The above is the description of the operation of the ignition monitoring circuit of this invention when the key switch is made. The operation of the ignition system A and the circuit portions B through E during the time in which ignition voltages are induced across the ignition plug 4 is as follows:
After a length of time, when the driving circuit 6 starts to turn on and off the Darlington pair 7 at the commands of the microprocessor 5, high ignition voltages are induced in the secondary winding of the coil 3; at the same time, impulse voltages corresponding to ignition voltages are successively generated at the point a at the collector of the power transistor 7b coupled in series with the primary winding of the ignition coil 3 in the ignition system A, as shown by the waveform Va at second row (A).
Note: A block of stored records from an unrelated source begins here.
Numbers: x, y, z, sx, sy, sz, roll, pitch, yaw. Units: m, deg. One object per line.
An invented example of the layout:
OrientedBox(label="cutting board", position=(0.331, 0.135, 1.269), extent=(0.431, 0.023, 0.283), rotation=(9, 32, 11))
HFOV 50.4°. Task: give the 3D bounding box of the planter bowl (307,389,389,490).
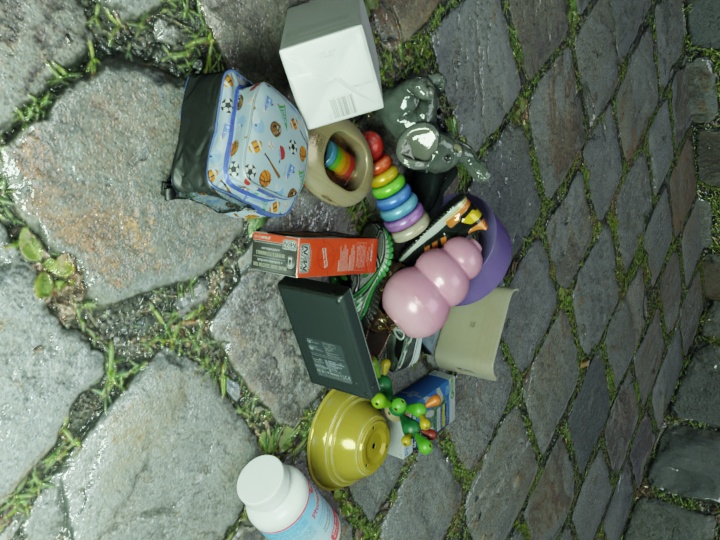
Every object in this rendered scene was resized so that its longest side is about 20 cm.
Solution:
OrientedBox(label="planter bowl", position=(-0.003, 0.309, 1.387), extent=(0.199, 0.082, 0.205), rotation=(-14, 108, -51))

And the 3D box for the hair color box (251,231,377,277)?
OrientedBox(label="hair color box", position=(-0.069, -0.028, 1.216), extent=(0.198, 0.100, 0.063), rotation=(-5, 101, -53))

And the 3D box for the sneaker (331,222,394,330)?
OrientedBox(label="sneaker", position=(0.000, 0.000, 1.337), extent=(0.084, 0.078, 0.203), rotation=(29, 59, -23))

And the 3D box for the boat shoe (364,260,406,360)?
OrientedBox(label="boat shoe", position=(0.036, 0.080, 1.404), extent=(0.070, 0.070, 0.204), rotation=(16, 85, -42))

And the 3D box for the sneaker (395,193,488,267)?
OrientedBox(label="sneaker", position=(0.147, -0.047, 1.403), extent=(0.090, 0.200, 0.070), rotation=(41, 34, -7))

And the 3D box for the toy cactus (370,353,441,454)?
OrientedBox(label="toy cactus", position=(0.070, 0.238, 1.382), extent=(0.102, 0.200, 0.165), rotation=(-43, 169, -11))

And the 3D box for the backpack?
OrientedBox(label="backpack", position=(-0.154, -0.162, 1.045), extent=(0.190, 0.151, 0.204), rotation=(29, 70, -62))

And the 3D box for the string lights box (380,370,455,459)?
OrientedBox(label="string lights box", position=(0.120, 0.292, 1.570), extent=(0.199, 0.058, 0.105), rotation=(-23, 116, -49))

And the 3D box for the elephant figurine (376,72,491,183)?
OrientedBox(label="elephant figurine", position=(0.113, -0.228, 1.331), extent=(0.140, 0.153, 0.204), rotation=(-21, 98, -44))

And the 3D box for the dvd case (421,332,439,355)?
OrientedBox(label="dvd case", position=(0.148, 0.055, 1.595), extent=(0.143, 0.017, 0.203), rotation=(47, 60, -48))

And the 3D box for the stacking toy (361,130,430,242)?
OrientedBox(label="stacking toy", position=(0.045, -0.152, 1.357), extent=(0.086, 0.084, 0.202), rotation=(-47, 116, -37))

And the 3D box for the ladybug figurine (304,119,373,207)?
OrientedBox(label="ladybug figurine", position=(-0.053, -0.179, 1.231), extent=(0.199, 0.071, 0.138), rotation=(31, 72, -52))

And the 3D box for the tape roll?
OrientedBox(label="tape roll", position=(0.184, -0.041, 1.474), extent=(0.085, 0.197, 0.203), rotation=(40, 66, -50))

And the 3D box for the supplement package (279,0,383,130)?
OrientedBox(label="supplement package", position=(-0.039, -0.311, 1.110), extent=(0.202, 0.119, 0.121), rotation=(-91, 165, -56))

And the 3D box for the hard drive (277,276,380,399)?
OrientedBox(label="hard drive", position=(-0.051, 0.108, 1.235), extent=(0.033, 0.138, 0.203), rotation=(-42, 129, -38))

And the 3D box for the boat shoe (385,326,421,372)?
OrientedBox(label="boat shoe", position=(0.079, 0.104, 1.461), extent=(0.067, 0.073, 0.203), rotation=(-22, 134, -40))

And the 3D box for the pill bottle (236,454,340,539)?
OrientedBox(label="pill bottle", position=(-0.116, 0.383, 1.228), extent=(0.110, 0.107, 0.201), rotation=(-57, 138, -29))

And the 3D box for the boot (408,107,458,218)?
OrientedBox(label="boot", position=(0.111, -0.203, 1.451), extent=(0.199, 0.072, 0.164), rotation=(-55, 133, -30))

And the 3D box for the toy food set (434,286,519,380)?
OrientedBox(label="toy food set", position=(0.252, 0.124, 1.646), extent=(0.060, 0.141, 0.204), rotation=(32, 71, -50))

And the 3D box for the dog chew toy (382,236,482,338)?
OrientedBox(label="dog chew toy", position=(0.132, 0.021, 1.333), extent=(0.200, 0.124, 0.125), rotation=(-43, 135, -4))
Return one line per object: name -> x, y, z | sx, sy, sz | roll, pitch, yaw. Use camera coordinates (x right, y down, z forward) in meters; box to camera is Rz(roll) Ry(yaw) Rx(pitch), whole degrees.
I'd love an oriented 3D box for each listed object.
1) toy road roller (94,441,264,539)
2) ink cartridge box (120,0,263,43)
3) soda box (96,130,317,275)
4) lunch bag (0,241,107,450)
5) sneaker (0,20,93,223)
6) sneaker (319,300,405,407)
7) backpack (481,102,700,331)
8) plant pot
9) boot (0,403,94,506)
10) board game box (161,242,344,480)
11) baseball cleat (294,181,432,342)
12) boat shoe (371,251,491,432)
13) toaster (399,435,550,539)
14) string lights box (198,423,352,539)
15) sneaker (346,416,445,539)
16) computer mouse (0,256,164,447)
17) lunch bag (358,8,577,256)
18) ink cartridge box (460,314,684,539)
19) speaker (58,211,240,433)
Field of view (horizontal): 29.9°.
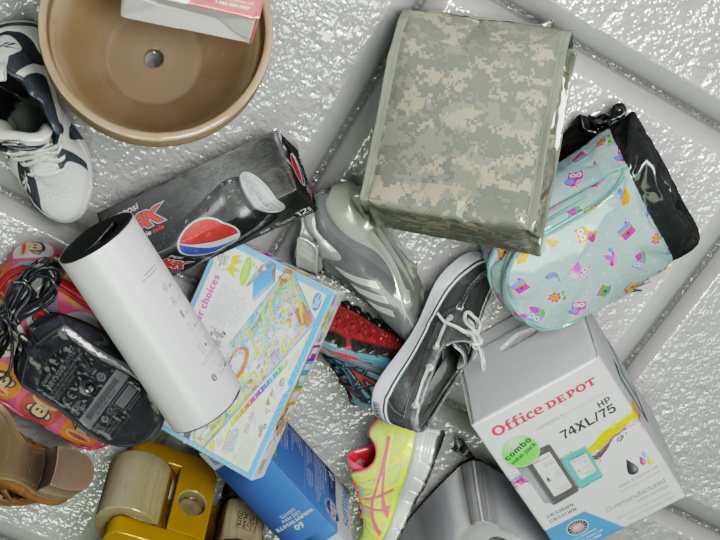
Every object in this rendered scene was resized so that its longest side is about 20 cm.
toy road roller -> -0.196, 0.291, 1.458 | 0.198, 0.124, 0.147 | 22, 130, -12
ink cartridge box -> -0.127, -0.305, 1.127 | 0.115, 0.067, 0.203 | 11, 79, -9
soda box -> -0.146, -0.055, 1.283 | 0.198, 0.072, 0.063 | -24, 158, 11
lunch bag -> -0.292, 0.069, 1.356 | 0.199, 0.082, 0.176 | 35, 108, -21
sneaker -> -0.299, -0.113, 1.222 | 0.078, 0.130, 0.201 | -4, 120, 1
sneaker -> -0.001, 0.100, 1.384 | 0.198, 0.080, 0.096 | 23, 118, -14
backpack -> 0.208, -0.038, 1.286 | 0.198, 0.127, 0.168 | -29, 116, 11
plant pot -> -0.178, -0.198, 1.178 | 0.198, 0.093, 0.204 | 2, 79, -9
boot -> -0.385, 0.190, 1.389 | 0.198, 0.078, 0.155 | 23, 152, -29
board game box -> -0.116, 0.083, 1.321 | 0.133, 0.034, 0.202 | 26, 95, 16
baseball cleat -> 0.000, 0.000, 1.345 | 0.105, 0.070, 0.201 | -15, 118, 24
boat shoe -> 0.088, 0.069, 1.317 | 0.068, 0.200, 0.074 | 16, 147, 40
toaster -> 0.135, 0.320, 1.488 | 0.199, 0.119, 0.181 | 31, 113, -18
string lights box -> -0.086, 0.216, 1.429 | 0.059, 0.103, 0.201 | -32, 115, 13
sneaker -> 0.022, 0.228, 1.460 | 0.089, 0.078, 0.202 | 23, 124, 4
computer mouse -> -0.269, 0.087, 1.298 | 0.200, 0.053, 0.139 | 41, 105, -12
lunch bag -> 0.099, -0.132, 1.208 | 0.162, 0.118, 0.203 | 10, 80, 13
ink cartridge box -> 0.212, 0.152, 1.382 | 0.146, 0.147, 0.201 | -30, 116, 13
speaker -> -0.191, 0.047, 1.238 | 0.080, 0.081, 0.201 | -25, 113, 11
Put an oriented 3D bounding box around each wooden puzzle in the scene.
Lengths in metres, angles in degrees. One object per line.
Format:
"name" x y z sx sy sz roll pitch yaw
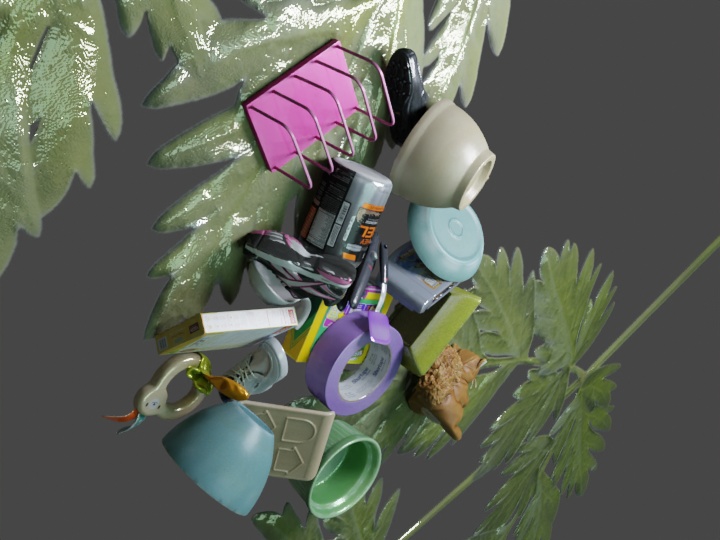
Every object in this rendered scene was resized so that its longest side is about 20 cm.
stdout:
"wooden puzzle" -0.163 0.322 1.727 0.198 0.046 0.186 7 124 -15

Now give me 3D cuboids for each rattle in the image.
"rattle" -0.310 0.236 1.508 0.199 0.143 0.131 -29 152 -37

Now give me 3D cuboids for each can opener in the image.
"can opener" 0.000 0.000 1.656 0.079 0.063 0.201 50 34 -25

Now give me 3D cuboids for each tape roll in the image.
"tape roll" -0.010 0.180 1.740 0.199 0.066 0.201 -27 135 -31

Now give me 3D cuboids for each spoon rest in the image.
"spoon rest" -0.139 0.040 1.590 0.060 0.100 0.200 -37 149 0

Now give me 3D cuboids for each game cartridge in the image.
"game cartridge" 0.125 0.000 1.781 0.200 0.133 0.042 -35 158 -43

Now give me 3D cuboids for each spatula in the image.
"spatula" 0.041 0.041 1.695 0.056 0.020 0.202 18 70 -40

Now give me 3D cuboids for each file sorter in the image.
"file sorter" -0.059 -0.247 1.442 0.200 0.125 0.140 -39 137 -19

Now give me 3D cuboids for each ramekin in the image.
"ramekin" -0.060 0.417 1.912 0.199 0.097 0.201 -26 132 -32

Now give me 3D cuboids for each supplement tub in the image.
"supplement tub" -0.033 -0.087 1.579 0.122 0.122 0.201 8 110 -48

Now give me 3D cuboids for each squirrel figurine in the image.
"squirrel figurine" 0.206 0.248 2.045 0.187 0.141 0.201 -49 143 -19

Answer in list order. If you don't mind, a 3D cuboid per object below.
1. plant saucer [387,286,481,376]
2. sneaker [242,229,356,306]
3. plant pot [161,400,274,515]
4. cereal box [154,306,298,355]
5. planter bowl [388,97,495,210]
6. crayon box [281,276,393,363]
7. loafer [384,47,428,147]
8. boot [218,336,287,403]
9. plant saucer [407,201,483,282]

The clamping Zener diode 12 of the pulse shaper circuit portion B, limiting the voltage at its negative electrode under the Zener voltage thereof, shapes the waveform Va at point a into a pulse train Vb at point b consisting of rectangular pulses of a predetermined height, with the help of resistors 8 and 9, rectifier diode 10, capacitor 11, and resistors 13 and 14. Further, each time a pulse of the waveform Vb is outputted from the circuit portion B, the transistor 15 is turned on to reduce the voltage Vc at junction point c to the ground level; the voltage Vc rises each time to the battery voltage level V1 with a fixed time constant determined by the resistance R of the resistor 16 and capacitance C of the capacitor 17. On the other hand, a constant standard voltage shown by a dot and dash line V2 at the fourth row (C) in FIG. 4 is applied to the non-inverting input of the comparator circuit 18 when the key switch 2 is made, and the comparator 18 compares the waveform Vc with the standard voltage V2. Thus, the comparator circuit 18 outputs a pulse of a fixed width when the standard voltage V2 is greater than the voltage Vc (i.e. when the comparator circuit 18 is turned off). The output pulses of the comparator circuit 18 which corresponds to output pulses of the pulse shaper circuit portion B, namely, those pulses of the comparator circuit 18 which correctly detects ignition voltages, are sustained at point d by the voltage supplied from the circuit portion E as follows.
Namely, the capacitor 25 is rapidly charged by the battery 1 through the resistor 23 and diode 24 during the interval of time in which one of the pulses of the waveform Vb is generated; consequently, the output pulses of the comparator circuit 18 other than the first one, i.e. those corresponding to one of the pulses of the waveform Vb, are maintained by the voltage across the charged capacitor 25. After the output voltage level of the comparator circuit 18 falls to the ground level (i.e. the output of the comparator 18 is turned on), the capacitor 25 is discharged through the resistor 19. As a result, the voltage waveform Vd at point d has the form shown by a solid line at the bottom row (D) in FIG. 4, which consists of pulses of a fixed width each corresponding to a pulse of output voltage Vb of the voltage shaper circuit portion B. The voltage waveform Vd is supplied to the output circuit 20 to be outputted therefrom as the ignition detecting signal.
As described above, thanks to the provision of the erroneous pulse eliminating circuit means (i.e. the voltage supply circuit portion E) according to this invention, the output pulses of the pulse width shaper circuit means (i.e. the output pulses of the comparator circuit portion D) all accurately correspond to an ignition voltage.
While description has been made of the particular embodiment according to this invention, it will be understood that many modification may be resorted to without departing from the spirit thereof; the appended claims are contemplated to cover any such modifications as fall within the true spirit and scope of this invention.